Published online by Cambridge University Press: 05 February 2013
In this chapter we apply some probabilistic tools developed in Chapter 5 to Fourier series. Our main goal here is to be able to answer, using probabilistic arguments, questions which in and of themselves are deterministic. For example, in the following section we address the problem of a.e. convergence of the partial sums of the Fourier series of L1(T) functions. By means of a combination of deterministic and probabilistic ideas we shall show that L1 functions exist for which the partial sums of their Fourier series diverge almost everywhere. Section 6.2 is more probabilistic from the start, as it deals with the problem of deciding the convergence of Fourier series with random and independent coefficients.
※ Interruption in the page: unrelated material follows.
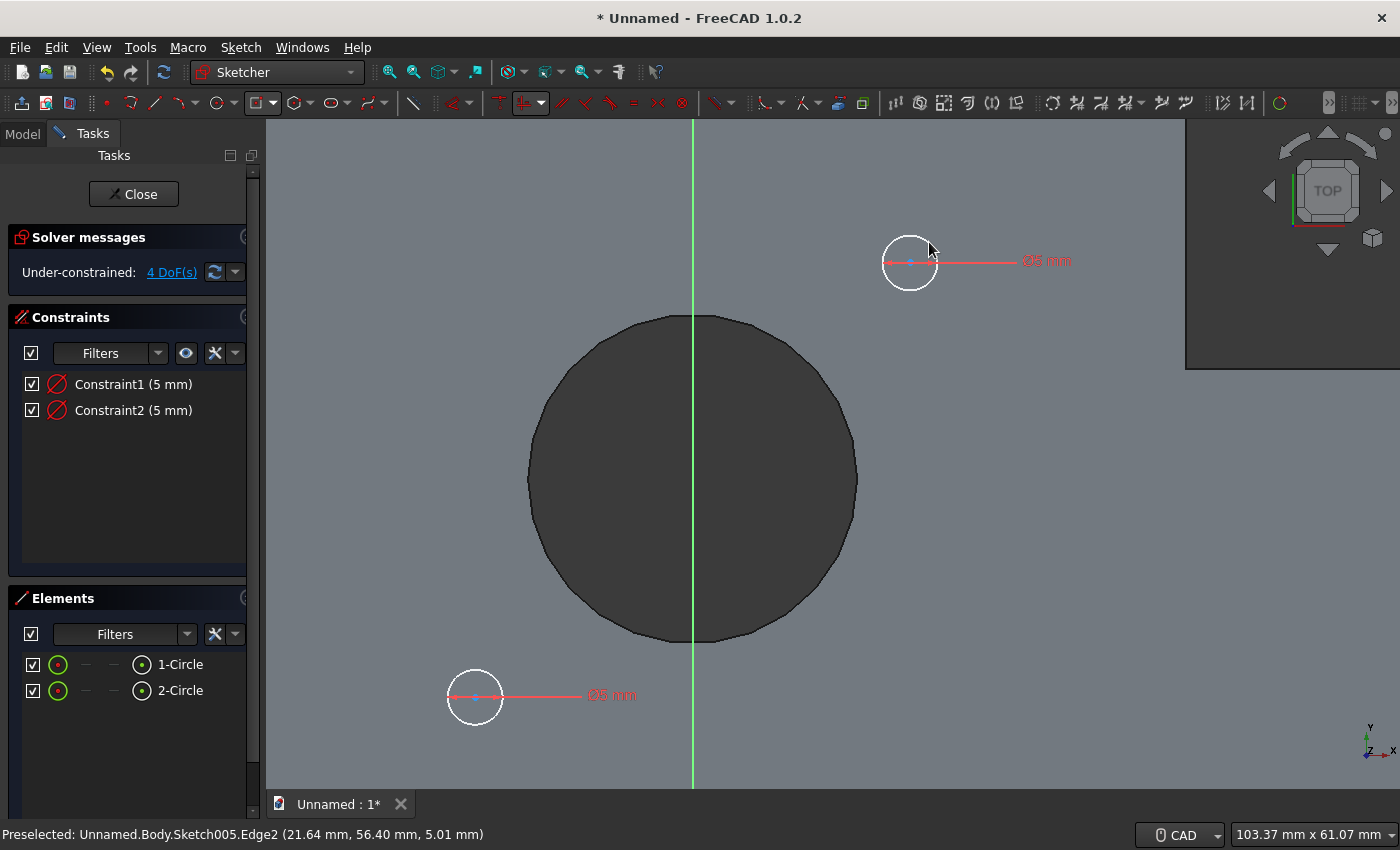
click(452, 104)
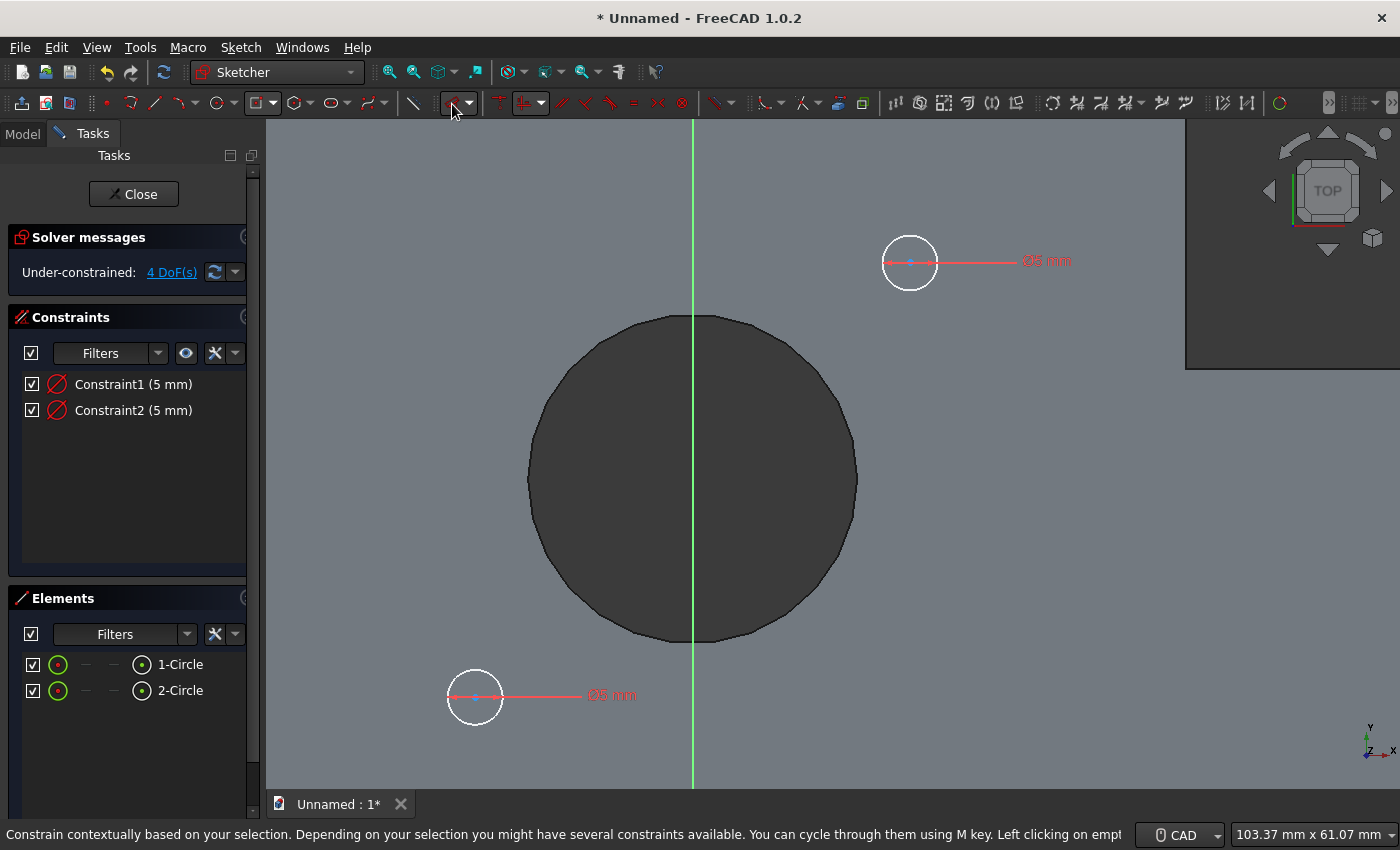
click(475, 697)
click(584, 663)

This is a classic topic, going back to the work of Paley and Zygmund in the 1930s; they introduced randomness into Fourier series as a tool for answering deterministic questions.
Fourier series on L1(T): pointwise questions
This section is devoted to the question of the almost everywhere convergence of Fourier series for L1(T) functions. From the previous chapters we know that this is not an elementary question, since the partial sums SN are given by convolutions, with the Dirichlet kernels DN, which do not form an approximate identity. Note also that we have already encountered an a.e. convergence question that is not associated with an approximate identity, namely, that for the Hilbert transform; see Proposition 3.18.